We are women who are affiliated to various formations that have challenged religious (and ethnic nationalist) fundamentalist forces across different religions for nearly twenty years. From the Vienna Conference on Human Rights onwards we have warned of the threat of religious absolutism and other forms of identity politics. We argue that the defense of secular values and the separation of church and state is a precondition for the struggle for women’s rights and other transformative struggles for socialism, democracy and against conflict. Far from being a ’majoritarian’ position, we particularly focus on the threat of the erosion of secular spaces and of formal secularism, to women of migrant descent and from religious minorities.
Today, we witness major political changes in Europe, related to the renewed claim by religions, particularly modern fundamentalist forces within major religions to affect politics: some countries insist on the Christian character of the European Union, while the political entry of the Orthodox Church in Eastern Europe translates into laws restricting women’s rights in matters of reproductive rights or lesbian rights. These positions are mirrored by the lobbying of Muslim fundamentalist forces to introduce religious laws for the Muslim minorities in various countries of Europe, thus curtailing women’s rights in family matters and creating different rights for different categories of citizens. In states such as Britain and Poland, national identity is becoming increasingly tied to Christianity to which minorities must conform, while the EU has exerted pressure on the French government to abandon the principle of separation of the state from religion which is at the heart of French secularism.
We reject the thesis of a ’clash of civilisations’ between Islam and Christianity. More pertinent are numerous alliances between orthodox and fundamentalist forces of all major religions which ally to undermine secular values, attack women’s rights and demand extensions of laws that undermine freedom of speech. For instance at various times, the Vatican, Al Azhar, Jewish Orthodox forces, the Hindu right and other extreme right political movements have supported fundamentalist initiatives across religions and across national boarders in Europe. We are aware of their common lobbying at the level of European Institutions and at the level of the United Nations. Diaspora support for religious fundamentalist formations or ethnic nationalism are also key elements in inciting conflicts outside Europe.
The link between the rise of fundamentalism and the erosion of secular space is very clear to us . Each of us has direct experience, in her own context, of how this translates into restrictions in women’s lives, in the name of minority rights and religious rights. The demonisation of Muslims across Europe, the adoption of repressive laws and attacks on civil liberties must be opposed without justifying fundamentalism of either minority or majority religions.
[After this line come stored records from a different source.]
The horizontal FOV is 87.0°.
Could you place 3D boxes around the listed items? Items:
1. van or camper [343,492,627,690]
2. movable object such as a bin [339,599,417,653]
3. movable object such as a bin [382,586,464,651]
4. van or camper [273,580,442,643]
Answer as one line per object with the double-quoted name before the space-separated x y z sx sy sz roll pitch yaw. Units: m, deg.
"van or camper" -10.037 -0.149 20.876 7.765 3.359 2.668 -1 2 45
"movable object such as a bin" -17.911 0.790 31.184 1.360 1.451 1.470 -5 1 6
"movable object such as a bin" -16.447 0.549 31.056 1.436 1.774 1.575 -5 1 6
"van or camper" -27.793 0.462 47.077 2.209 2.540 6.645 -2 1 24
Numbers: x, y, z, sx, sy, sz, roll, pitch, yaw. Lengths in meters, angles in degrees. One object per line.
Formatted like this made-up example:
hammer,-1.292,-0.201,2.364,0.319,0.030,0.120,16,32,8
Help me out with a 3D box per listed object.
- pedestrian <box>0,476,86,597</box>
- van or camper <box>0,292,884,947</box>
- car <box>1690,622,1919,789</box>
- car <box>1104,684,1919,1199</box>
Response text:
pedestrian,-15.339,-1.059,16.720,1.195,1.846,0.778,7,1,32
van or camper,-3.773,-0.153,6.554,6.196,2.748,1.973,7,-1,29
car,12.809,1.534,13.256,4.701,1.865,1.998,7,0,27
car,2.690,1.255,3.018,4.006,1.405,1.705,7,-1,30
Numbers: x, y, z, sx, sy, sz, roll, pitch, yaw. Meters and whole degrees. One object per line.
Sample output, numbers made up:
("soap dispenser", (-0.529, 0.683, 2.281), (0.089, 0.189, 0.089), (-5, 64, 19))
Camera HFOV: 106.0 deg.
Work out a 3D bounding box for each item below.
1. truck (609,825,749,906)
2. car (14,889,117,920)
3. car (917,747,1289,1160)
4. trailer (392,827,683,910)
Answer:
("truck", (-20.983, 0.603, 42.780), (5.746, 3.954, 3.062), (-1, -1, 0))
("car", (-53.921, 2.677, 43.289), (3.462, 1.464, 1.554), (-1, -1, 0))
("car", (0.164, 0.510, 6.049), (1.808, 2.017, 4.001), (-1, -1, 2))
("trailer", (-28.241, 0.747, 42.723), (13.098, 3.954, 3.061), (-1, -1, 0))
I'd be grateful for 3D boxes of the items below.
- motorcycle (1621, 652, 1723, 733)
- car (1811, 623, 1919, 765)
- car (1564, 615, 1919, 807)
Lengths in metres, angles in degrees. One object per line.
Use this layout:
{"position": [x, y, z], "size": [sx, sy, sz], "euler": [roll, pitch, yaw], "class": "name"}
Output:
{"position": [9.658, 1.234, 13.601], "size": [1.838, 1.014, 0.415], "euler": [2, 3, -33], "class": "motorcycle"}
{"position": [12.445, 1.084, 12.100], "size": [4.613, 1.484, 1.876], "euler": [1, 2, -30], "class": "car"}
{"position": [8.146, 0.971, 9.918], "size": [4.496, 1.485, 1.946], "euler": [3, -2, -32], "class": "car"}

We are concerned with the drive to use human rights concepts to enforce highly contested versions of religion, to attack secularism and to promote concepts such as ’creationism’. We are especially concerned with the fact that some European feminists are afraid to support women’s rights when they apparently clash with minority rights or religious rights. Universalist values are not simply a product of ’the West’ to be discarded in favour of new forms of cultural relativism. They are the product of diverse struggles against both patriarchy and colonialism which could have a transformative impact on European feminism if their histories and remarkable successes could be recuperated.
We feel the need to link up women’s initiatives for secularism across Europe, and to address the concerns that some feminists may have vis a vis secularism vs minority/religious rights. We want to put this question on the feminist agenda and to open the dialogue on these burning issues.
We aim at gathering feminists, individuals and groups, researchers and activists who identify the rise of religious fundamentalism and the erosion of secularism as threats to women’s emancipation, and to reach out to those working on the issue, as widely as possible. We work with all those who - whether atheists or people from religious backgrounds including clerics - support secular principles.
The documents presented here [on our website] are related to:
– information on the shrinking space for secularism in Europe and the rise of religious fundamentalism
– feminist analysis on how it affects women.
– documenting struggles and strategies of women in defense of secularism in different European countries
– answering the major questions that feminists are confronted with regarding freedom of religion, freedom of thought, freedom of expression, cultural rights, religious rights, women rights - and secularism.
We will be present at the upcoming European Feminist Forum in June 2008.